The new wave of supercomputers is largely GPU accelerated, the latest TOP500 list of the world’s fastest systems shows.
Of the 102 new supercomputers to join the closely watched ranking, 42 use NVIDIA GPU accelerators — including AiMOS, the most powerful addition to the list, which was released this week. Coming in at No. 24, AiMOS achieves 8 petaflops of computing on the High-Performance Linpack benchmark, a yardstick of supercomputing performance.
Installed at the Rensselaer Polytechnic Institute, in New York, the system is powered by NVIDIA V100 Tensor Core GPUs, just like Oak Ridge National Laboratory’s Summit, the world’s fastest supercomputer. NVIDIA GPUs power a record 136 systems on the latest TOP500 list, including half of the top 10.
Europe’s and Japan’s fastest supercomputers, as well as the world’s fastest industrial supercomputer, are all accelerated by NVIDIA GPUs.
Nearly 40 percent of the total compute power on the TOP500 list — 626 petaflops — comes from GPU-accelerated systems. Just over a decade ago, no supercomputers on the list were accelerated.
Three of the TOP500 supercomputers are in-house NVIDIA systems, including our DGX SuperPOD, which ranks 20th on the latest list. These systems are used around the clock for compute-intensive AI workloads like autonomous vehicle development.
NVIDIA GPUs power 90 percent of the top 30 supercomputers on the Green500 list, also released this week at SC19.
Supercomputers accelerated by NVIDIA GPUs are used in universities and laboratories worldwide for groundbreaking research. NVIDIA’s full-stack optimization approach ensures developers and researchers benefit from this computing horsepower in their applications to advance science and do their life’s work.

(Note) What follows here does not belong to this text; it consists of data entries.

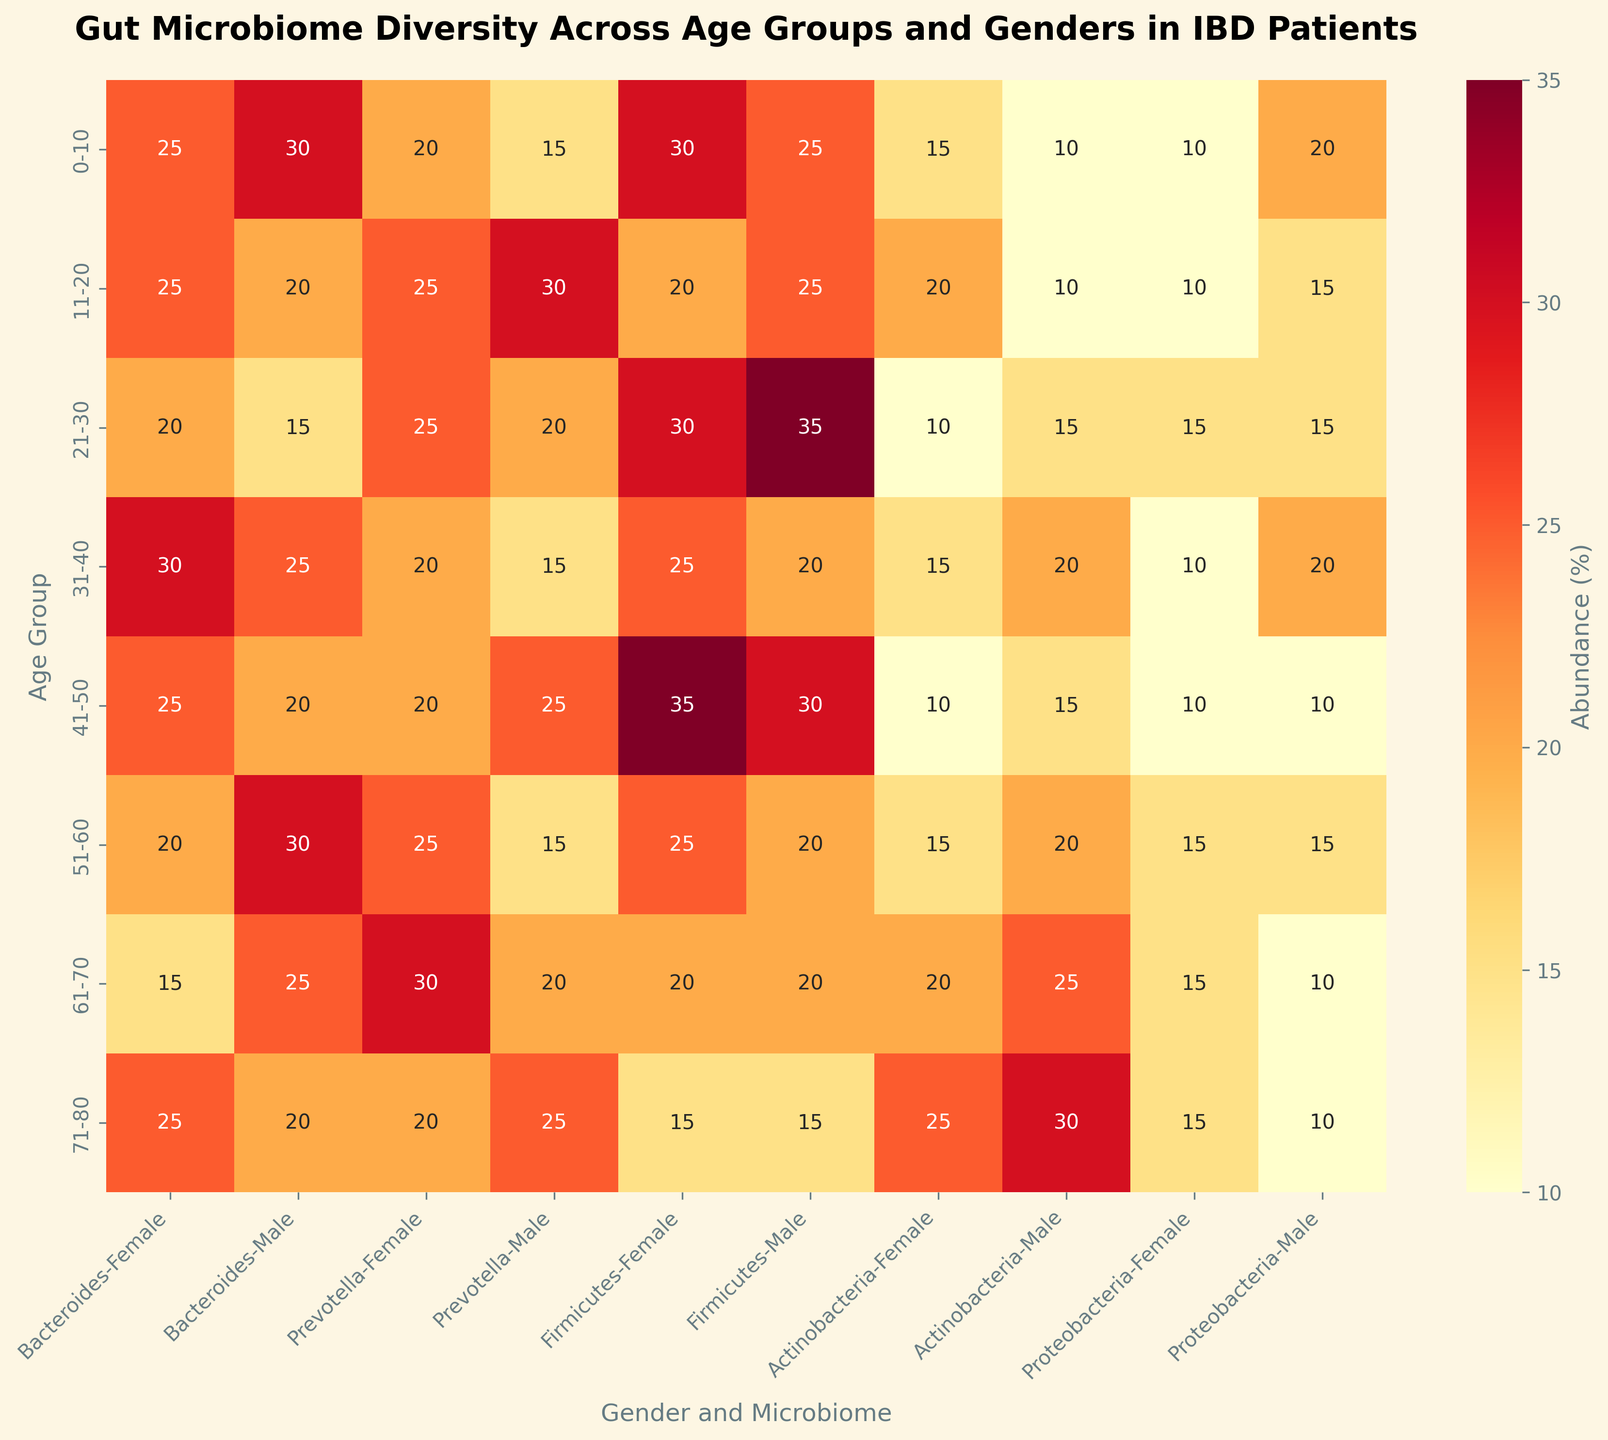What is the title of the heatmap figure? The title is displayed at the top center of the figure.
Answer: Gut Microbiome Diversity Across Age Groups and Genders in IBD Patients Which age group has the highest abundance of Bacteroides among males? Look for the highest value in the Bacteroides category under the male column and compare within age groups.
Answer: 51-60 Between males and females in the 21-30 age group, who has a higher abundance of Prevotella? Check the values for Prevotella in both genders within the 21-30 age group and compare them.
Answer: Female What is the range of values for Actinobacteria across all age groups? Identify the minimum and maximum values for Actinobacteria across all age groups and genders from the heatmap.
Answer: 10 to 30 Compare the abundance of Firmicutes between the 0-10 and 11-20 age groups in males. Which age group has a higher abundance? Locate the Firmicutes values for the two age groups under the male column and compare them.
Answer: 21-30 Which gender in the 61-70 age group has a higher abundance of Proteobacteria, and by how much? Check the values of Proteobacteria for both genders in the 61-70 age group and calculate the difference.
Answer: Female by 5 What is the total abundance of Prevotella in all age groups for females? Sum the values of Prevotella for females in each age group.
Answer: 165 Is the abundance distribution for Bacteroides more similar between genders or age groups? Compare the patterns of Bacteroides values across gender columns and age groups.
Answer: Age groups How does the abundance of Actinobacteria change with age in males? Observe the pattern or trend in the Actinobacteria values across different age groups under the male column.
Answer: Increases with age What is the median value of Proteobacteria for all the data points? Collect all values of Proteobacteria, sort them, and find the middle value.
Answer: 15 
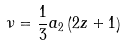<formula> <loc_0><loc_0><loc_500><loc_500>\nu = \frac { 1 } { 3 } a _ { 2 } \left ( 2 z + 1 \right )</formula> 
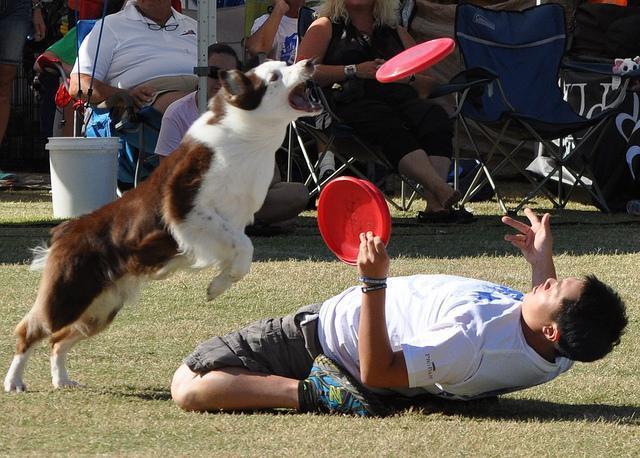How many frisbees are there?
Give a very brief answer. 2. How many chairs are in the picture?
Give a very brief answer. 4. How many people are there?
Give a very brief answer. 6. How many clocks are on the tower?
Give a very brief answer. 0. 
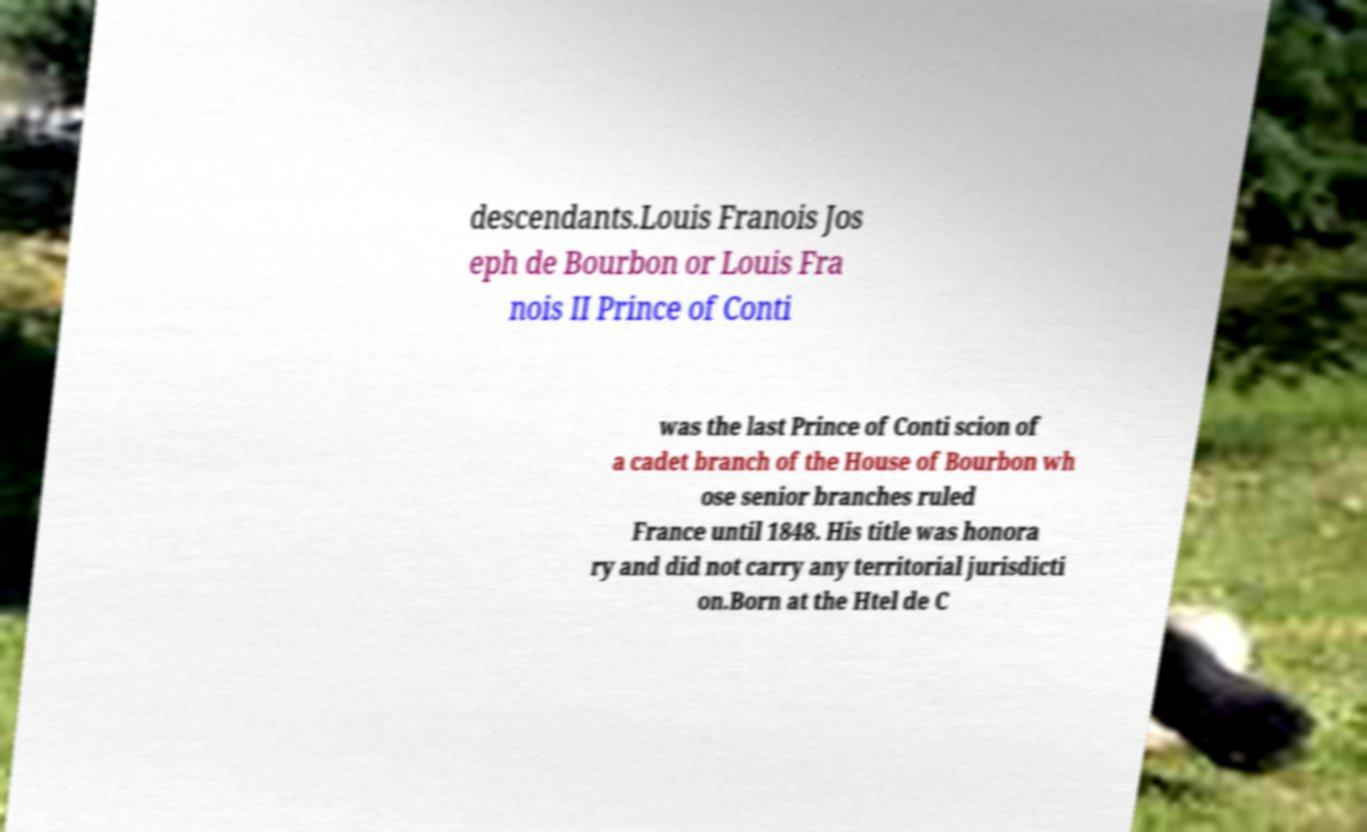Can you accurately transcribe the text from the provided image for me? descendants.Louis Franois Jos eph de Bourbon or Louis Fra nois II Prince of Conti was the last Prince of Conti scion of a cadet branch of the House of Bourbon wh ose senior branches ruled France until 1848. His title was honora ry and did not carry any territorial jurisdicti on.Born at the Htel de C

The Summit supercomputer, featuring more than 27,000 NVIDIA V100 Tensor Core GPUs, is enabling the world’s first exascale science applications, including:
- Genomics: Opioid addiction was linked to more than 50,000 deaths in the U.S. in 2017. To better understand and address the opioid epidemic, researchers at Oak Ridge National Laboratory are investigating genetic variations that contribute to complex traits like chronic pain and addiction. Using Summit and mixed-precision techniques, the team processed around 300 quadrillion element comparisons per second, achieving a peak throughput of 2.31 exaops — the fastest science application ever reported.
- Meteorology: Extreme weather events are on the rise, in part due to human-caused climate change. Scientists at Lawrence Berkeley National Laboratory are working to more accurately predict the path of extreme weather patterns with AI. The Gordon Bell prize-winning team trained their neural network using Summit, setting a performance record for the fastest deep learning algorithm, at 1.13 exaflops.
- Pathology: By 2025, the annual number of new cancer cases worldwide will hit 21.5 million — creating a massive demand for doctors to analyze biopsy scans. Stony Brook University developed a software stack, MENNDL, to generate an AI model that can analyze pathology data with comparable high accuracy and 16x faster inference compared to a fine-tuned version of the InceptionNet model. This will enable real-time processing of 10-gigapixel resolution images generated from biopsy scans. Using Summit, the researchers achieved 1.3 exaflops of performance to generate their neural network.
- Nuclear waste remediation: Located in Washington state, the 580-square-mile Hanford Site was used to produce plutonium for nuclear weapons and nuclear reactors from 1943 to 1989. After it shut down, more than 100 square miles of contaminated groundwater was left behind. To aid in the cleanup effort, researchers from Lawrence Berkeley National Laboratory, Pacific Northwest National Laboratory, Brown University and NVIDIA developed physics-informed generative adversarial networks to quantify subsurface flow. The application achieved 1.2 exaflops of peak and sustained performance on Summit.